Can anyone give specs yet, like speed, length, and brace? If not can you at least compare draw cycle to uf d season or axe? Also can bow come in all camo or all skull? Thanks really interested in this one


----------



## GhostBuck_007 (May 21, 2010)

Damn that EVO looks good! Reminds me of a Klingon battle axe lol...


----------



## trimantrekokc (May 16, 2006)

345 IBO, 6" bh, 32.5 ATA....same cams as Axe, different riser and limb pockets


----------



## CAB007 (Nov 27, 2008)

Thank you, any chance of 7in version, brace worries me a bit, however this does sound like less vibe and noise compared to axe. You dont happen to know finish options do you? Thanks


----------



## curley30030x (Jun 22, 2005)

trimantrekokc said:


> 345 IBO, 6" bh, 32.5 ATA....same cams as Axe, different riser and limb pockets


 IMPROVED cams. Not quite the same as this years axe.


----------



## NeshotaValley (Jan 29, 2009)

Ghostbuck, that is funny chit, It does look Klingon. Chong Lee banging the drums in your avatar is great. Anyway I will quit my whining but just curious what change in design limits the 30" max EVO from going to 30.5 like the Axe 6 does. It is the exact specs, ATA, brace, IBO.


----------



## CAB007 (Nov 27, 2008)

Improved how, if I can get over brace ht this bow could be my destroyer replacement. Had d season with gx cams and loved it except for spongy back wall, axe cam fixed this, however I felt fhey were louder and had vibe in them


----------



## Aggieland (Jun 23, 2007)

Battle AXE is a good term for that bow.. looks sweet


----------



## Karbon (Jul 5, 2006)

I hear that they are smoother than the axe...not sure how you can do that.


----------



## CAB007 (Nov 27, 2008)

Smoother? Holy cow, doesnt get muvh better than axe draw. Anyone know if it is slt grip or best grip, definitely like best better


----------



## hilltophunter (Feb 13, 2005)

Karbon said:


> I hear that they are smoother than the axe...not sure how you can do that.

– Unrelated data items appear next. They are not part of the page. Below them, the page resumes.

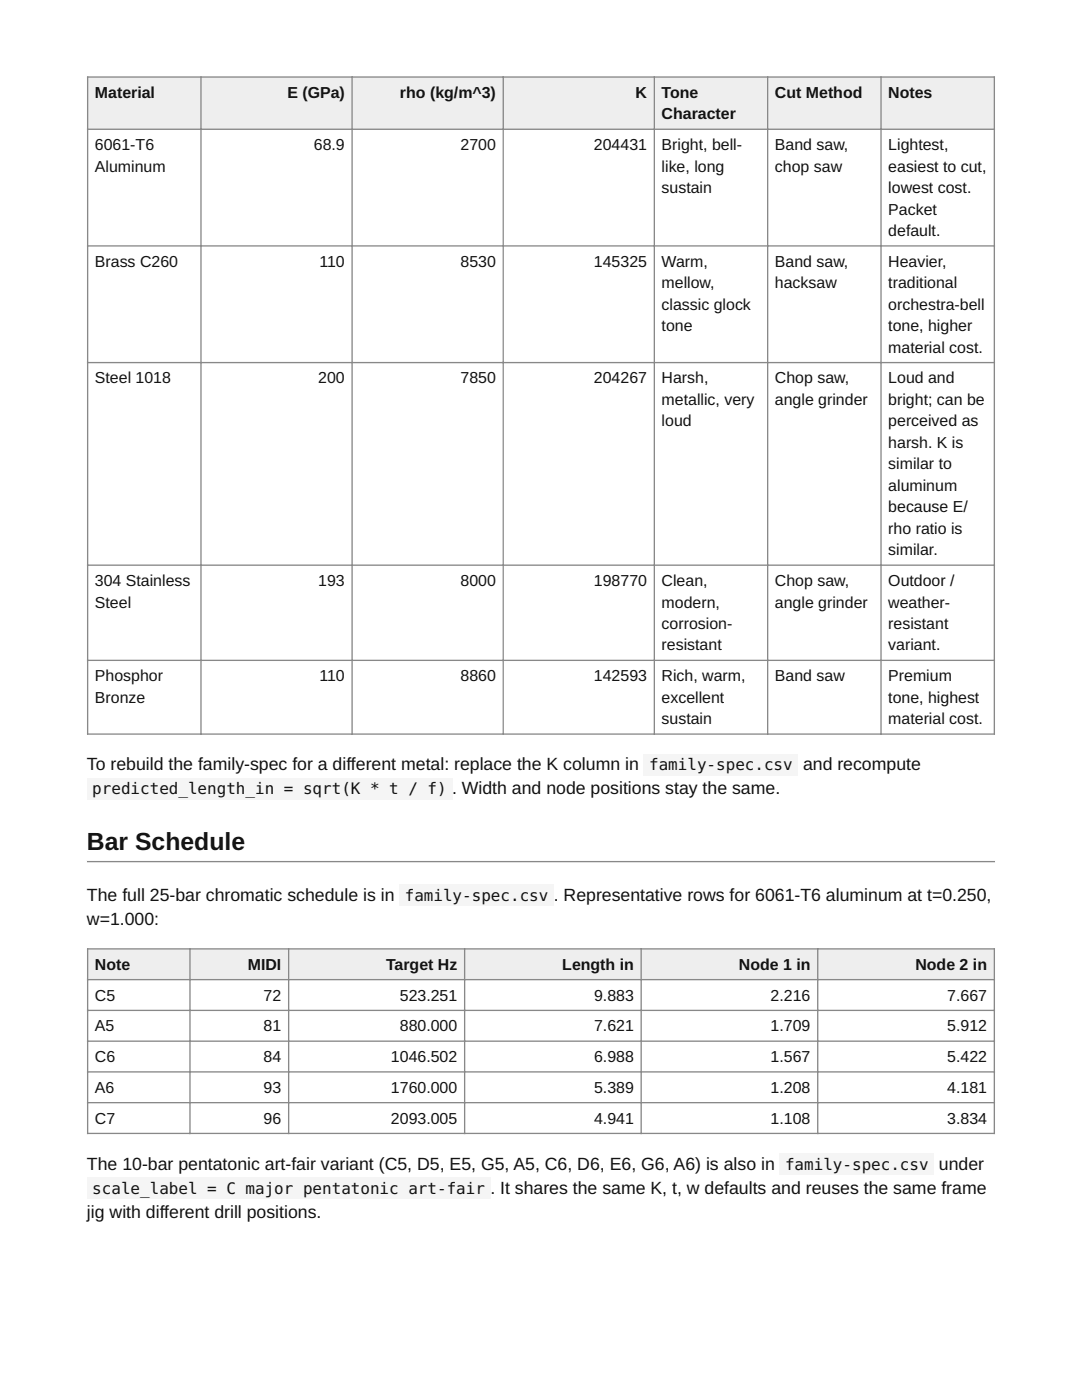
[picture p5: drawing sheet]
<svg xmlns="http://www.w3.org/2000/svg" width="216mm" height="279mm" viewBox="0 0 216 279" stroke-linecap="round" stroke-linejoin="round" font-family="sans-serif">
<defs><g id="words">
<text font-size="4.9" fill="#111" x="17.4" y="169.7">Bar Schedule</text>
<g font-size="3.5" fill="#111">
<text x="17.4" y="153.8">To rebuild the family-spec for a different metal: replace the K column in</text>
<text x="160.2" y="153.8">and recompute</text>
<text x="90.2" y="158.5">. Width and node positions stay the same.</text>
<text x="17.4" y="179.8">The full 25-bar chromatic schedule is in</text>
<text x="110.5" y="179.8">. Representative rows for 6061-T6 aluminum at t=0.250,</text>
<text x="17.4" y="184.6">w=1.000:</text>
<text x="17.4" y="233.5">The 10-bar pentatonic art-fair variant (C5, D5, E5, G5, A5, C6, D6, E6, G6, A6) is also in</text>
<text x="187.4" y="233.5">under</text>
<text x="97.8" y="238.2">. It shares the same K, t, w defaults and reuses the same frame</text>
<text x="17.4" y="243">jig with different drill positions.</text>
</g>
<g font-size="3.2" fill="#111">
<text x="18.9" y="19.5">Material</text>
<text x="57.3" y="19.5">E (GPa)</text>
<text x="79.8" y="19.5">rho (kg/m^3)</text>
<text x="126.8" y="19.5">K</text>
<text x="132" y="19.5">Tone</text>
<text x="132" y="23.8">Character</text>
<text x="154.6" y="19.5">Cut Method</text>
<text x="177.3" y="19.5">Notes</text>
<text x="18.9" y="30">6061-T6</text>
<text x="62.6" y="30">68.9</text>
<text x="91.9" y="30">2700</text>
<text x="118.5" y="30">204431</text>
<text x="132" y="30">Bright, bell-</text>
<text x="154.6" y="30">Band saw,</text>
<text x="177.3" y="30">Lightest,</text>
<text x="18.9" y="34.3">Aluminum</text>
<text x="132" y="34.3">like, long</text>
<text x="154.6" y="34.3">chop saw</text>
<text x="177.3" y="34.3">easiest to cut,</text>
<text x="132" y="38.5">sustain</text>
<text x="177.3" y="38.5">lowest cost.</text>
<text x="177.3" y="42.8">Packet</text>
<text x="177.3" y="47.1">default.</text>
<text x="18.9" y="53.3">Brass C260</text>
<text x="63.7" y="53.3">110</text>
<text x="91.9" y="53.3">8530</text>
<text x="118.5" y="53.3">145325</text>
<text x="132" y="53.3">Warm,</text>
<text x="154.6" y="53.3">Band saw,</text>
<text x="177.3" y="53.3">Heavier,</text>
<text x="132" y="57.5">mellow,</text>
<text x="154.6" y="57.5">hacksaw</text>
<text x="177.3" y="57.5">traditional</text>
<text x="132" y="61.8">classic glock</text>
<text x="177.3" y="61.8">orchestra-bell</text>
<text x="132" y="66.1">tone</text>
<text x="177.3" y="66.1">tone, higher</text>
<text x="177.3" y="70.4">material cost.</text>
<text x="18.9" y="76.5">Steel 1018</text>
<text x="63.5" y="76.5">200</text>
<text x="91.9" y="76.5">7850</text>
<text x="118.5" y="76.5">204267</text>
<text x="132" y="76.5">Harsh,</text>
<text x="154.6" y="76.5">Chop saw,</text>
<text x="177.3" y="76.5">Loud and</text>
<text x="132" y="80.8">metallic, very</text>
<text x="154.6" y="80.8">angle grinder</text>
<text x="177.3" y="80.8">bright; can be</text>
<text x="132" y="85.1">loud</text>
<text x="177.3" y="85.1">perceived as</text>
<text x="177.3" y="89.4">harsh. K is</text>
<text x="177.3" y="93.7">similar to</text>
<text x="177.3" y="98">aluminum</text>
<text x="177.3" y="102.3">because E/</text>
<text x="177.3" y="106.5">rho ratio is</text>
<text x="177.3" y="110.8">similar.</text>
<text x="18.9" y="117">304 Stainless</text>
<text x="63.5" y="117">193</text>
<text x="91.9" y="117">8000</text>
<text x="118.5" y="117">198770</text>
<text x="132" y="117">Clean,</text>
<text x="154.6" y="117">Chop saw,</text>
<text x="177.3" y="117">Outdoor /</text>
<text x="18.9" y="121.2">Steel</text>
<text x="132" y="121.2">modern,</text>
<text x="132" y="125.5">corrosion-</text>
<text x="154.6" y="121.2">angle grinder</text>
<text x="177.3" y="121.2">weather-</text>
<text x="177.3" y="125.5">resistant</text>
<text x="132" y="129.8">resistant</text>
<text x="177.3" y="129.8">variant.</text>
<text x="18.9" y="136">Phosphor</text>
<text x="63.7" y="136">110</text>
<text x="91.9" y="136">8860</text>
<text x="118.5" y="136">142593</text>
<text x="132" y="136">Rich, warm,</text>
<text x="154.6" y="136">Band saw</text>
<text x="177.3" y="136">Premium</text>
<text x="18.9" y="140.2">Bronze</text>
<text x="132" y="140.2">excellent</text>
<text x="177.3" y="140.2">tone, highest</text>
<text x="132" y="144.5">sustain</text>
<text x="177.3" y="144.5">material cost.</text>
<text x="129.5" y="153.8">family-spec.csv</text>
<text x="18.4" y="158.5">predicted_length_in = sqrt(K * t / f)</text>
<text x="80.8" y="179.8">family-spec.csv</text>
<text x="18.9" y="193.5">Note</text>
<text x="49.4" y="193.5">MIDI</text>
<text x="77" y="193.5">Target Hz</text>
<text x="112.2" y="193.5">Length in</text>
<text x="147.4" y="193.5">Node 1 in</text>
<text x="182.7" y="193.5">Node 2 in</text>
<text x="18.9" y="199.7">C5</text>
<text x="52.6" y="199.7">72</text>
<text x="79.8" y="199.7">523.251</text>
<text x="118.5" y="199.7">9.883</text>
<text x="153.8" y="199.7">2.216</text>
<text x="189" y="199.7">7.667</text>
<text x="18.9" y="205.8">A5</text>
<text x="52.6" y="205.8">81</text>
<text x="79.8" y="205.8">880.000</text>
<text x="118.5" y="205.8">7.621</text>
<text x="153.8" y="205.8">1.709</text>
<text x="189" y="205.8">5.912</text>
<text x="18.9" y="212">C6</text>
<text x="52.6" y="212">84</text>
<text x="78" y="212">1046.502</text>
<text x="118.5" y="212">6.988</text>
<text x="153.8" y="212">1.567</text>
<text x="189" y="212">5.422</text>
<text x="18.9" y="218.1">A6</text>
<text x="52.6" y="218.1">93</text>
<text x="78" y="218.1">1760.000</text>
<text x="118.5" y="218.1">5.389</text>
<text x="153.8" y="218.1">1.208</text>
<text x="189" y="218.1">4.181</text>
<text x="18.9" y="224.2">C7</text>
<text x="52.6" y="224.2">96</text>
<text x="78" y="224.2">2093.005</text>
<text x="118.5" y="224.2">4.941</text>
<text x="153.8" y="224.2">1.108</text>
<text x="189" y="224.2">3.834</text>
<text x="156.6" y="233.5">family-spec.csv</text>
<text x="18.4" y="238.2">scale_label = C major pentatonic art-fair</text>
</g>
</g></defs>
<g fill="#eee">
<path d="M17.5 15.4h22.6v10.4h-22.6z"/>
<path d="M40.1 15.4h30.2v10.4h-30.2z"/>
<path d="M70.3 15.4h30.1v10.4h-30.1z"/>
<path d="M100.4 15.4h30.2v10.4h-30.2z"/>
<path d="M130.6 15.4h22.6v10.4h-22.6z"/>
<path d="M153.2 15.4h22.6v10.4h-22.6z"/>
<path d="M175.8 15.4h22.6v10.4h-22.6z"/>
</g>
<g fill="none" stroke="#888" stroke-width=".26">
<path d="M17.4 15.4h181.1M17.5 15.2v131.4M40.1 15.2v131.4M70.3 15.2v131.4M100.4 15.2v131.4M130.6 15.2v131.4M153.2 15.2v131.4M175.8 15.2v131.4M198.4 15.2v131.4M17.4 25.8h181.1M17.4 49.1h181.1M17.4 72.4h181.1"/>
<path d="M17.4 112.8h181.1M17.4 131.8h181.1M17.4 146.5h181.1"/>
</g>
<path d="M17.4 171.8h181.1zM17.4 171.8h181.1v.3h-181.1z" fill-rule="evenodd" fill="#888"/>
<g fill="#eee">
<path d="M17.5 189.4h20.4v6.1h-20.4z"/>
<path d="M37.9 189.4h19.7v6.1h-19.7z"/>
<path d="M57.6 189.4h35.1v6.1h-35.1z"/>
<path d="M92.7 189.4h35.2v6.1h-35.2z"/>
<path d="M127.9 189.4h35.3v6.1h-35.3z"/>
<path d="M163.2 189.4h35.2v6.1h-35.2z"/>
</g>
<g fill="none" stroke="#888" stroke-width=".26">
<path d="M17.4 189.4h181.1M17.4 195.5h181.1M17.5 189.2v37.1M37.9 189.2v37.1M57.6 189.2v37.1M92.7 189.2v37.1M127.9 189.2v37.1M163.2 189.2v37.1M198.4 189.2v37.1M17.4 201.6h181.1M17.4 207.8h181.1M17.4 213.9h181.1"/>
<path d="M17.4 220.1h181.1M17.4 226.2h181.1"/>
</g>
<g fill="#f5f5f5">
<path d="M128.5 150.5h30.8v4.3h-30.8z"/>
<path d="M17.4 155.3h72.8v4.2h-72.8z"/>
<path d="M79.7 176.6h30.8v4.2h-30.8z"/>
<path d="M155.6 230.2h30.8v4.3h-30.8z"/>
<path d="M17.4 235h80.4v4.2h-80.4z"/>
</g>
<use href="#words"/>
</svg>
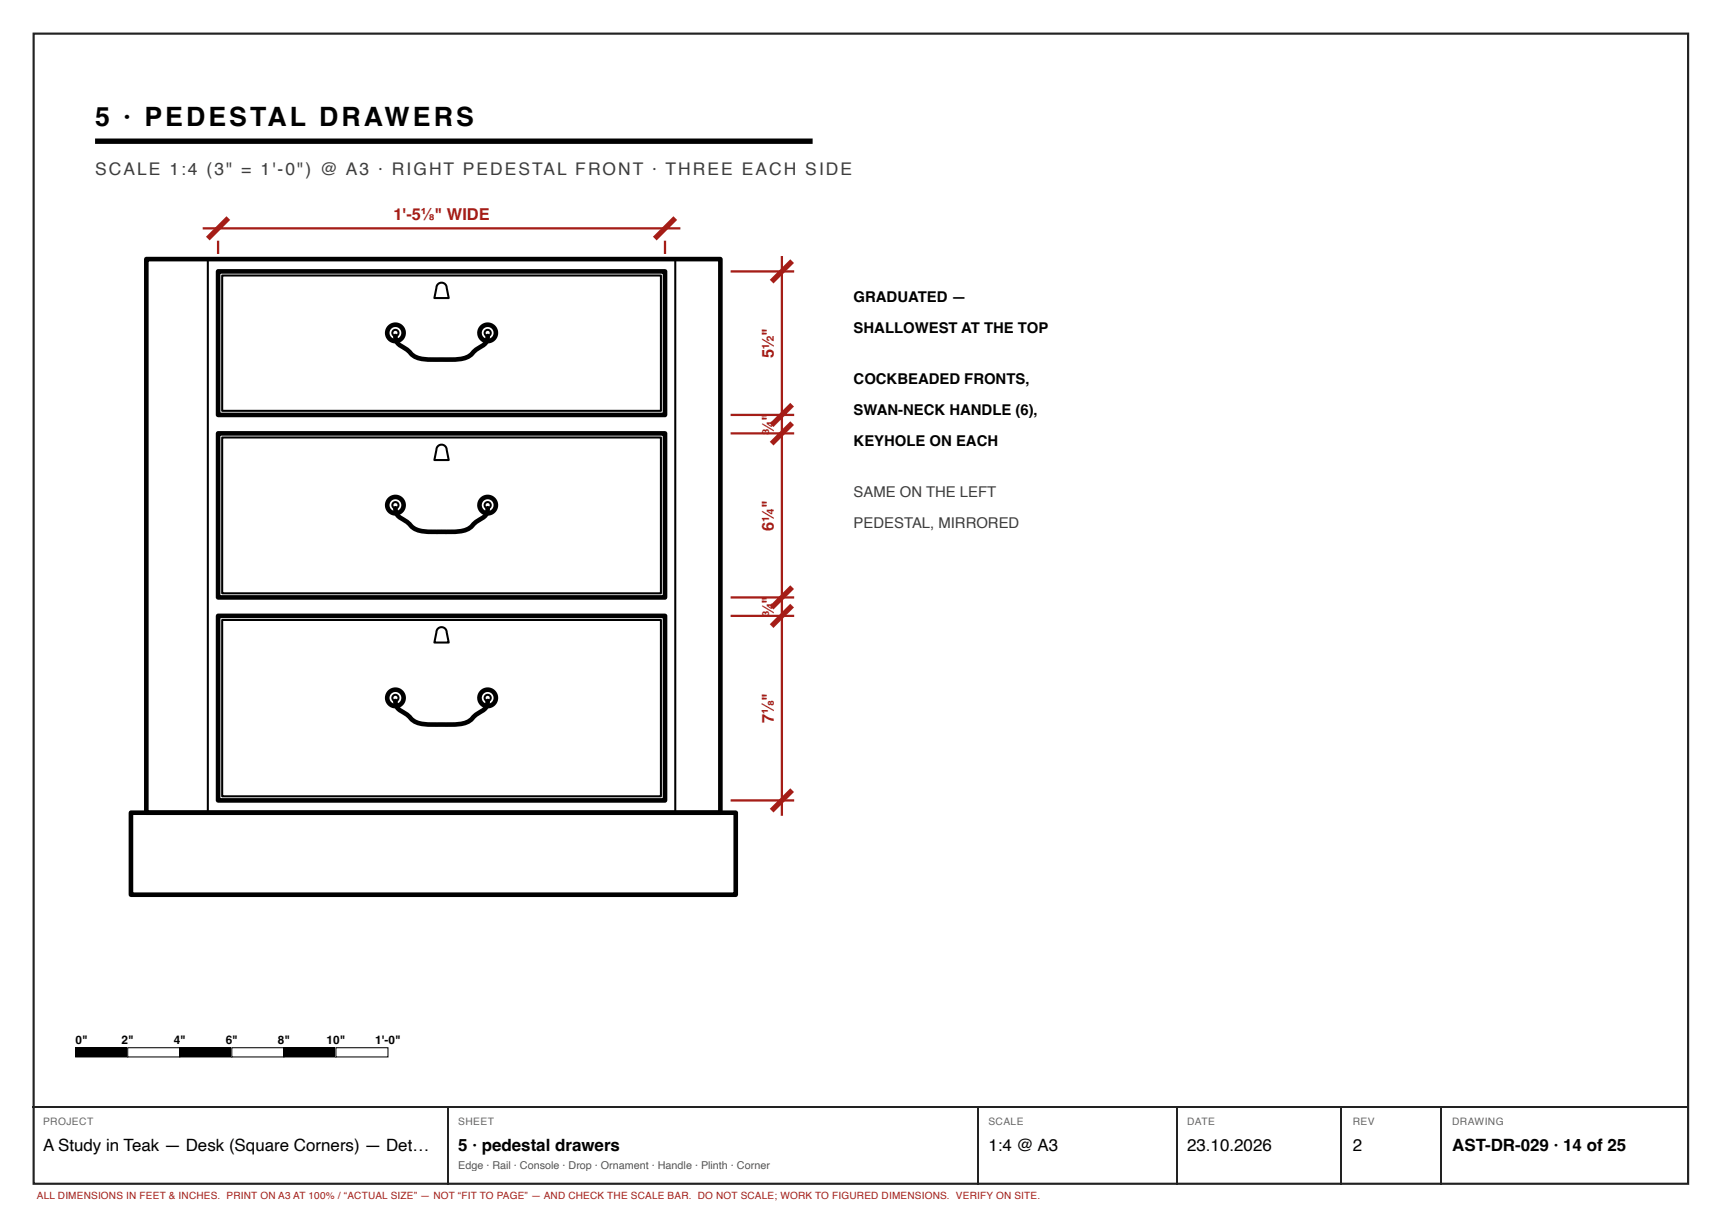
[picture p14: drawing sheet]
<svg xmlns="http://www.w3.org/2000/svg" width="420mm" height="297mm" viewBox="0 0 420 297" stroke-linecap="round" stroke-linejoin="round" font-family="sans-serif">
<defs><g id="words">
<text font-size="6.5" x="23.2" y="30.7">5 · PEDESTAL DRAWERS</text>
<text font-size="4.2" fill="#3d3d3d" x="23.2" y="42.7">SCALE 1:4 (3&quot; = 1'-0&quot;) @ A3 · RIGHT PEDESTAL FRONT · THREE EACH SIDE</text>
<g font-size="4.1">
<text x="10.5" y="280.7">A Study in Teak — Desk (Square Corners) — Det…</text>
<text x="111.8" y="280.7">5 · pedestal drawers</text>
<text x="241" y="280.7">1:4 @ A3</text>
<text x="289.5" y="280.7">23.10.2026</text>
<text x="329.9" y="280.7">2</text>
<text x="354.1" y="280.7">AST-DR-029 · 14 of 25</text>
</g>
<g font-size="4" fill="#a51d17">
<text x="95.9" y="53.7">1'-5⅛&quot; WIDE</text>
<text x="188.7" y="87.4" transform="rotate(-90 188.7 87.4)">5½&quot;</text>
<text x="188.7" y="106" transform="rotate(-90 188.7 106)">¾&quot;</text>
<text x="188.7" y="129.4" transform="rotate(-90 188.7 129.4)">6¼&quot;</text>
<text x="188.7" y="150.5" transform="rotate(-90 188.7 150.5)">¾&quot;</text>
<text x="188.7" y="176.4" transform="rotate(-90 188.7 176.4)">7⅛&quot;</text>
</g>
<g font-size="3.6">
<text x="208.2" y="73.7">GRADUATED —</text>
<text x="208.2" y="81.2">SHALLOWEST AT THE TOP</text>
<text x="208.2" y="93.7">COCKBEADED FRONTS,</text>
<text x="208.2" y="101.2">SWAN-NECK HANDLE (6),</text>
<text x="208.2" y="108.7">KEYHOLE ON EACH</text>
</g>
<g font-size="3.6" fill="#3d3d3d">
<text x="208.2" y="121.2">SAME ON THE LEFT</text>
<text x="208.2" y="128.7">PEDESTAL, MIRRORED</text>
</g>
<g font-size="2.9">
<text x="18.5" y="254.5">0&quot;</text>
<text x="29.7" y="254.5">2&quot;</text>
<text x="42.4" y="254.5">4&quot;</text>
<text x="55" y="254.5">6&quot;</text>
<text x="67.7" y="254.5">8&quot;</text>
<text x="79.6" y="254.5">10&quot;</text>
<text x="91.5" y="254.5">1'-0&quot;</text>
</g>
<text font-size="2.6" fill="#555" x="111.8" y="285">Edge · Rail · Console · Drop · Ornament · Handle · Plinth · Corner</text>
<g font-size="2.5" fill="#666">
<text x="10.5" y="274.4">PROJECT</text>
<text x="111.8" y="274.4">SHEET</text>
<text x="241" y="274.4">SCALE</text>
<text x="289.5" y="274.4">DATE</text>
<text x="329.9" y="274.4">REV</text>
<text x="354.1" y="274.4">DRAWING</text>
</g>
<text font-size="2.4" fill="#a51d17" x="9" y="292.4">ALL DIMENSIONS IN FEET &amp; INCHES. PRINT ON A3 AT 100% / “ACTUAL SIZE” — NOT “FIT TO PAGE” — AND CHECK THE SCALE BAR. DO NOT SCALE; WORK TO FIGURED DIMENSIONS. VERIFY ON SITE.</text>
</g></defs>
<path d="M8.2 8.2h403.5v280.5h-403.5z" fill="none" stroke="#222" stroke-width=".53"/>
<path d="M23.2 34.4h175" fill="none" stroke="#000" stroke-width="1.3" stroke-linecap="butt"/>
<g fill="none" stroke="#000" stroke-width="1.1">
<path d="M35.7 63.2h140v135h-140zM53.2 66.2h109v35h-109zM96.4 81.9a2.94 2.94 0 0 0 2.1 2.9l1.2 .8a5.4 5.4 0 0 0 5 2.1h2a20.8 20.8 0 0 0 7.3-.6l.6-.4 1.7-1.5 1.1-.7a2.61 2.61 0 0 0 1.5-2.6M53.2 105.7h109v40h-109zM96.4 123.9a2.94 2.94 0 0 0 2.1 2.9l1.2 .8a5.4 5.4 0 0 0 5 2.1h2a20.8 20.8 0 0 0 7.3-.6l.6-.4 1.7-1.5 1.1-.7a2.61 2.61 0 0 0 1.5-2.6M53.2 150.2h109v45h-109zM96.4 170.9a2.94 2.94 0 0 0 2.1 2.9l1.2 .8a5.4 5.4 0 0 0 5 2.1h2a20.8 20.8 0 0 0 7.3-.6l.6-.4 1.7-1.5 1.1-.7a2.61 2.61 0 0 0 1.5-2.6M31.9 198.2h147.5v20h-147.5z"/>
<circle cx="96.4" cy="81.2" r="2"/>
<circle cx="118.9" cy="81.2" r="2"/>
<circle cx="96.4" cy="123.2" r="2"/>
<circle cx="118.9" cy="123.2" r="2"/>
<circle cx="96.4" cy="170.2" r="2"/>
<circle cx="118.9" cy="170.2" r="2"/>
</g>
<g fill="none" stroke="#000" stroke-width=".5">
<path d="M50.7 63.2v135M54.2 67.2h107v33h-107zM106.8 69.3a1.25 1.25 0 0 1 1.4-.3 1.25 1.25 0 0 1 .7 1.2l.5 2.5h-3.5l.6-2.8zM164.7 63.2v135M54.2 106.7h107v38h-107zM106.8 108.8a1.25 1.25 0 0 1 1.4-.3 1.25 1.25 0 0 1 .7 1.2l.5 2.5h-3.5l.6-2.8zM54.2 151.2h107v43h-107zM106.8 153.3a1.25 1.25 0 0 1 1.4-.3 1.25 1.25 0 0 1 .7 1.2l.5 2.5h-3.5l.6-2.8z"/>
<circle cx="96.4" cy="81.2" r=".75"/>
<circle cx="118.9" cy="81.2" r=".75"/>
<circle cx="96.4" cy="123.2" r=".75"/>
<circle cx="118.9" cy="123.2" r=".75"/>
<circle cx="96.4" cy="170.2" r=".75"/>
<circle cx="118.9" cy="170.2" r=".75"/>
</g>
<path d="M49.4 55.7h116.5M53.2 58.7v3.2M162.2 58.7v3.2M178.2 66.2h15.5M190.7 62.4v136.5M178.2 101.2h15.5M178.2 105.7h15.5M178.2 145.7h15.5M178.2 150.2h15.5M178.2 195.2h15.5" fill="none" stroke="#a51d17" stroke-width=".55"/>
<path d="M55.7 53.2l-5 5M164.7 53.2l-5 5M193.2 63.7l-5 5M193.2 98.7l-5 5M193.2 103.2l-5 5M193.2 143.2l-5 5M193.2 147.7l-5 5M193.2 192.7l-5 5" fill="none" stroke="#a51d17" stroke-width="1.3" stroke-linecap="butt"/>
<path d="M18.5 255.5h12.6v2.2h-12.6z" fill="#000"/>
<path d="M18.5 255.5h12.6v2.2h-12.6z" fill="none" stroke="#000" stroke-width=".25"/>
<path d="M31.1 255.5h12.7v2.2h-12.7z" fill="#fff"/>
<path d="M31.1 255.5h12.7v2.2h-12.7zM43.8 255.5h12.7v2.2h-12.7z" fill="none" stroke="#000" stroke-width=".25"/>
<path d="M43.8 255.5h12.7v2.2h-12.7z" fill="#000"/>
<path d="M56.5 255.5h12.7v2.2h-12.7z" fill="#fff"/>
<path d="M56.5 255.5h12.7v2.2h-12.7zM69.2 255.5h12.7v2.2h-12.7z" fill="none" stroke="#000" stroke-width=".25"/>
<path d="M69.2 255.5h12.7v2.2h-12.7z" fill="#000"/>
<path d="M81.9 255.5h12.7v2.2h-12.7z" fill="#fff"/>
<path d="M81.9 255.5h12.7v2.2h-12.7z" fill="none" stroke="#000" stroke-width=".25"/>
<path d="M7.9 270h404.1M109.1 270.1v18.8M238.5 270.1v18.8M286.9 270.1v18.8M327.2 270.1v18.8M351.5 270.1v18.8" fill="none" stroke="#222" stroke-width=".26"/>
<use href="#words"/>
</svg>

I am wondering the same thing?


----------



## LeEarl (Jun 1, 2002)

One more day :thumb:


----------



## trimantrekokc (May 16, 2006)

CAB007 said:


> Smoother? Holy cow, doesnt get muvh better than axe draw. Anyone know if it is slt grip or best grip, definitely like best better


according to the info the DS evo has the BEST raptor grip on it


----------



## CAB007 (Nov 27, 2008)

Ok, thank you, I assume best raptor due to difference im shelf, it looks bigger. This thing is sounding better each time. Any idea msrp?


----------



## Aggieland (Jun 23, 2007)

Anyone feel like telling us what kind of MASS weight these 2011 bows have? are they lighter than the pervious?


----------



## trimantrekokc (May 16, 2006)

CAB007 said:


> Ok, thank you, I assume best raptor due to difference im shelf, it looks bigger. This thing is sounding better each time. Any idea msrp?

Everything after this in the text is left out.